И он положил на стол кольцо с бриллиантом, который сверкнул, словно подмигивая присутствующим.
– Это было в желудке? – пробормотал Опалин.
– Совершенно верно.
Иван потянулся за кольцом, покрутил его в руках. Женское, судя по размеру, и, конечно, дорогое. Бриллиант в нем кажется не таким уж большим, но как он играет, как завораживает… И тут помощник агента вспомнил кое-что и понял. Словно маленький кусочек мозаики встал на свое место – и Опалин увидел, точнее, угадал всю картину, хотя она была собрана менее чем наполовину.
– Доктор, – объявил он, чувствуя необыкновенное воодушевление, – вы… Это поразительно, честное слово.
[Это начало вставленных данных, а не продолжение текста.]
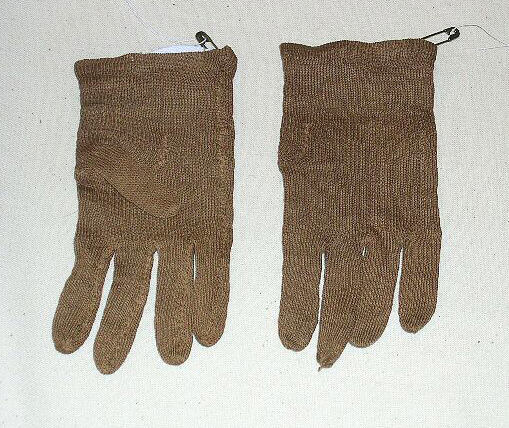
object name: glove
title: Gloves
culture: british
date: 1801-1833
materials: cotton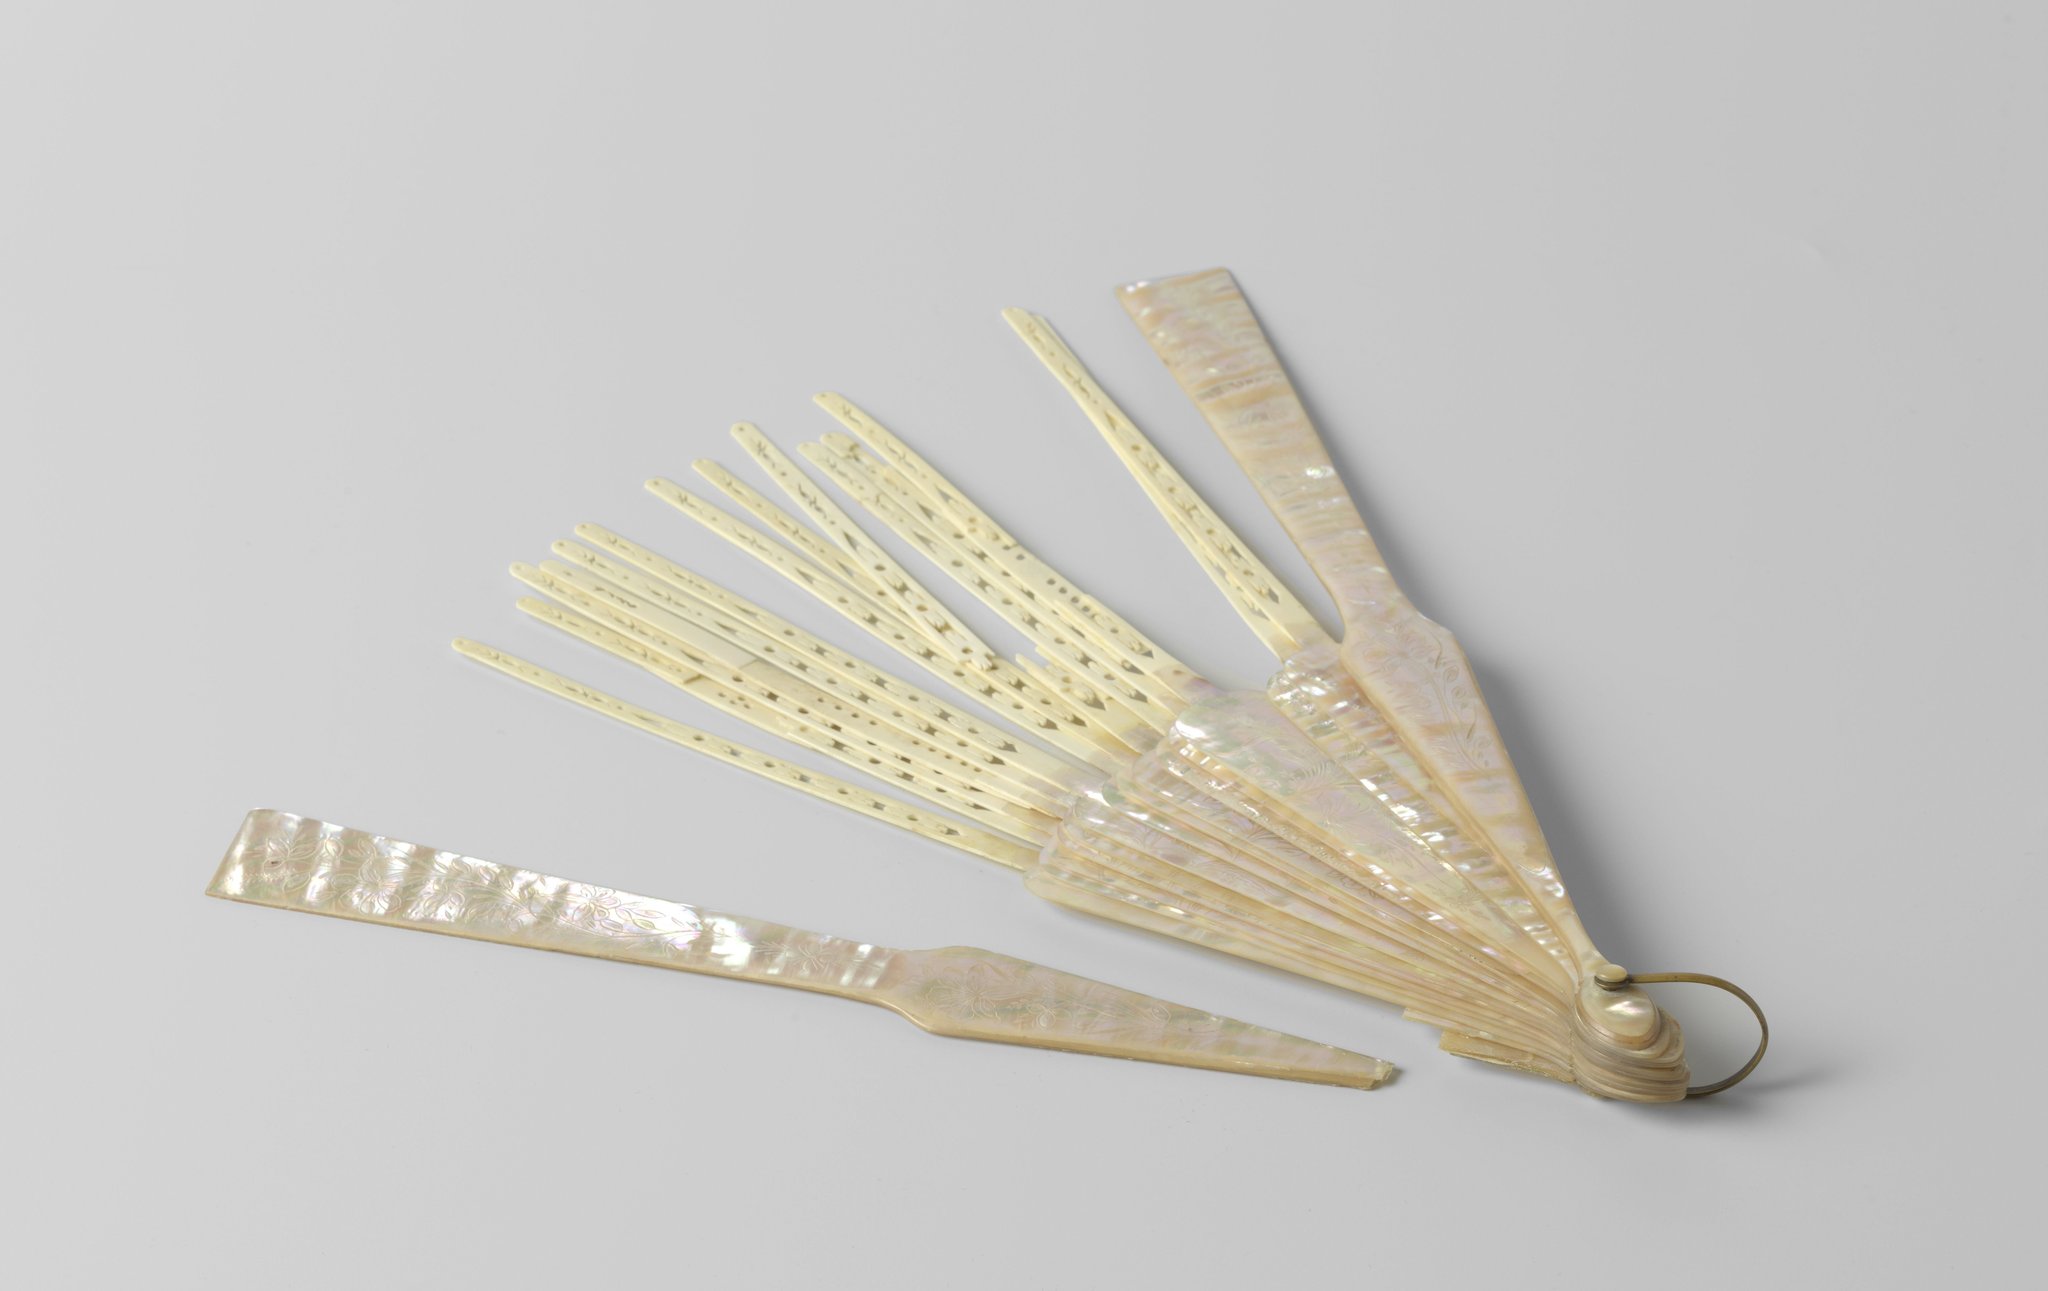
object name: setting
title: Montuur van parelmoer met in reliëf een bloemmotief en steundeel van opengewerkt been
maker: Anonymous
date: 1850-1900
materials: bone, copper, mother of pearl
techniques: cutting
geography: western europe
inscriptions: circumscription: ‘'Wiesje's cadeau voor eventuele restauratie van een kanten dekje'’
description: Montuur met handeel van parelmoer met in reliëf een bloemmotief en steundeel van opengewerkt been. Achterkant van het montuur is onbewerkt. Waaierring van koper.

Вы… как это говорится… гений, да?
Мы все любим, когда нам отдают должное, и доктор Бергман не был исключением. День у него выдался непростой: студенты раздражали нелепыми вопросами, новый ассистент путал инструменты, и вообще ни черта не задалось – а тут, глядите-ка, явился сопляк из угрозыска, держа под мышкой словарь (доктор разглядел заголовок и даже узнал издание) и без всяких церемоний произвел его в гении. Но ошибкой было бы думать, что расположение такого человека, как Бергман, можно снискать лестью.
– В моей работе нет ничего гениального, – усмехнулся он. – Рад, что сумел вам помочь.
– Скажите, доктор, – начал Опалин, вспомнив кое-что еще, – а вы могли бы взглянуть еще на один труп?
– Взглянуть? – переспросил Бергман, вздернув брови. Он находил это слово неуместным в применении к своей работе, хотя ему случалось в силу опыта действительно называть точную причину смерти и время ее наступления по одним внешним признакам, еще до вскрытия.
– К вам вчера привезли одно тело…
– Их много сюда привозят. Кто именно?
– Мужик… гражданин, которого откопали на пустыре за заставой. При нем была вещь, довольно приметная. Для опознания вроде как удобно, но… мне надо знать наверняка, что это он. Может, он убил кого-то, подбросил свою вещь и сбежал. Понимаете, о чем я?
– А, кажется, я видел вашего покойника, – протянул Бергман, припоминая. – Тот, которого в ящике нашли?
– Он, он!
– Так просто его не опознать, он пролежал в земле не меньше трех недель. Приметы какие-то особые у вашего гражданина есть?